Juju masih menyempitkan
matanya, lalu dibacanya tiap gerakan bibir Veldy. “Terus?”
“Nah, kalau kamu
beralasan belajar kelompok, aku yakin mama kamu bakalan kasih ijin. Selanjutnya,
kamu datang saja ke rumahku. Nanti kamu bisa pinjam layang-layangku. Kebetulan saja
aku punya dua,”
“Tunggu!”, sergah Juju.
“Maksud kamu, aku berbohong sama mamaku?”
Veldy mengangguk
mantap. “Yap! kurang lebih seperti
itu,”
Mendengar ide temannya
itu, lantas Juju tidak langsung menyetujuinya. Perlu waktu berpikir untuk
semuanya. Karena bagi Juju, melakukan kebohongan itu berarti melakukan dosa. Tapi....

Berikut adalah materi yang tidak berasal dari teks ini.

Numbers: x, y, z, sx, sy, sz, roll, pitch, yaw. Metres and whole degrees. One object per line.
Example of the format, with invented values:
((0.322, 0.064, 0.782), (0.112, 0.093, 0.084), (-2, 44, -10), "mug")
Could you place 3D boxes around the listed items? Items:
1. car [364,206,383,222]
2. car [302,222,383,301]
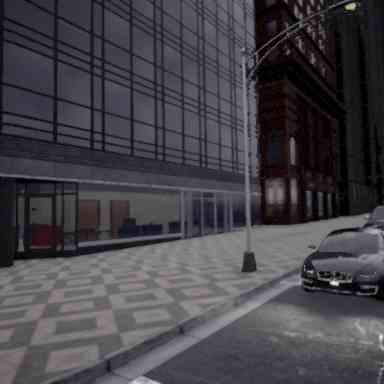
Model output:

ah, yang penting aku bisa bermain layang-layang sama teman-teman, pikir Juju
menyetujui ide Veldy. Lagian, cuma satu kali berbohong tidak masalah. “oke,”, katanya pada Veldy sambil
mengacungkan jempolnya.
Alhasil, semangat Juju
kembali berkobar. Bahkan, sepertinya ia tidak perduli akan kebohongannya.
*********
“Assalamu’alaikum....”,
ucap Juju pada mama yang sedang memasak.
“Wa’alaikumsalam...”,
jawab mama.
Juju menarik nafas dalam-dalam,
mulutnya mulai menganga, sebuah kebohongan pertama akan ia lakukan pada mama.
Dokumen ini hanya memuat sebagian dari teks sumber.